## What you should do
Each line in the records below that has the word "chart" should be copied.

(Stored items from a collection)
---

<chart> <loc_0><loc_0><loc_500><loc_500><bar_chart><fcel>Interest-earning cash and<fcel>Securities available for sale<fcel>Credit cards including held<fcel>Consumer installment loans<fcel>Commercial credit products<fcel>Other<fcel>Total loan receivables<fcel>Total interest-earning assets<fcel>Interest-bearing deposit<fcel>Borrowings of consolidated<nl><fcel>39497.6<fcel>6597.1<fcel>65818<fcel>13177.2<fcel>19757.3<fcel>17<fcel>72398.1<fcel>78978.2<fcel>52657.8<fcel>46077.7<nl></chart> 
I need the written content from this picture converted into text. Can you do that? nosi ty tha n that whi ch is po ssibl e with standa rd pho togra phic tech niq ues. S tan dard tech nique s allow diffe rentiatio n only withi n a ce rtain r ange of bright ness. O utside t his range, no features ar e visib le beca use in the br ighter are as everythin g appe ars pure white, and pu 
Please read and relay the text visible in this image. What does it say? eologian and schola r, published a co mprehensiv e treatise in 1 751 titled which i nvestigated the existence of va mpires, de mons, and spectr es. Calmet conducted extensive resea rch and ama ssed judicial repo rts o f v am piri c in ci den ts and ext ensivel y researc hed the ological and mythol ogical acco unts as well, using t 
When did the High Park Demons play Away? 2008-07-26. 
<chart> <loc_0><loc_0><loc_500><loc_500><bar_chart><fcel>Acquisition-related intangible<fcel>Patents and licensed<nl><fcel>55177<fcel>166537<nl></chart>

---

## Answer to the problem
<chart> <loc_0><loc_0><loc_500><loc_500><bar_chart><fcel>Interest-earning cash and<fcel>Securities available for sale<fcel>Credit cards including held<fcel>Consumer installment loans<fcel>Commercial credit products<fcel>Other<fcel>Total loan receivables<fcel>Total interest-earning assets<fcel>Interest-bearing deposit<fcel>Borrowings of consolidated<nl><fcel>39497.6<fcel>6597.1<fcel>65818<fcel>13177.2<fcel>19757.3<fcel>17<fcel>72398.1<fcel>78978.2<fcel>52657.8<fcel>46077.7<nl></chart> 
<chart> <loc_0><loc_0><loc_500><loc_500><bar_chart><fcel>Acquisition-related intangible<fcel>Patents and licensed<nl><fcel>55177<fcel>166537<nl></chart>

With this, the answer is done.